→ **What you will do**
Starting with the first line of the material, reproduce exactly each line up to and including the one that contains "Camera space: +x", leaving out every picture.

Start of Block

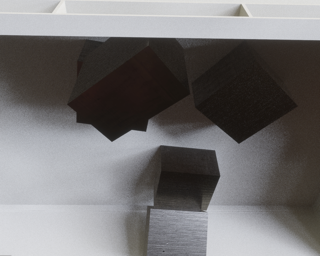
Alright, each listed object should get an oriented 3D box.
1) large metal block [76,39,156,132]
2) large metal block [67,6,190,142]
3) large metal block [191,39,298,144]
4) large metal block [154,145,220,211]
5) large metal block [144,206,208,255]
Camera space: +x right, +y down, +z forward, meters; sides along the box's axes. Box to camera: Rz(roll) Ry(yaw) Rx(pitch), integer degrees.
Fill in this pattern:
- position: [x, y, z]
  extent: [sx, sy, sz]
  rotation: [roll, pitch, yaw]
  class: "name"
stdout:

End of Block

→ **Exercise solution**
Alright, each listed object should get an oriented 3D box.
1) large metal block [76,39,156,132]
2) large metal block [67,6,190,142]
3) large metal block [191,39,298,144]
4) large metal block [154,145,220,211]
5) large metal block [144,206,208,255]
Camera space: +x right, +y down, +z forward, meters; sides along the box's axes. Box to camera: Rz(roll) Ry(yaw) Rx(pitch), integer degrees.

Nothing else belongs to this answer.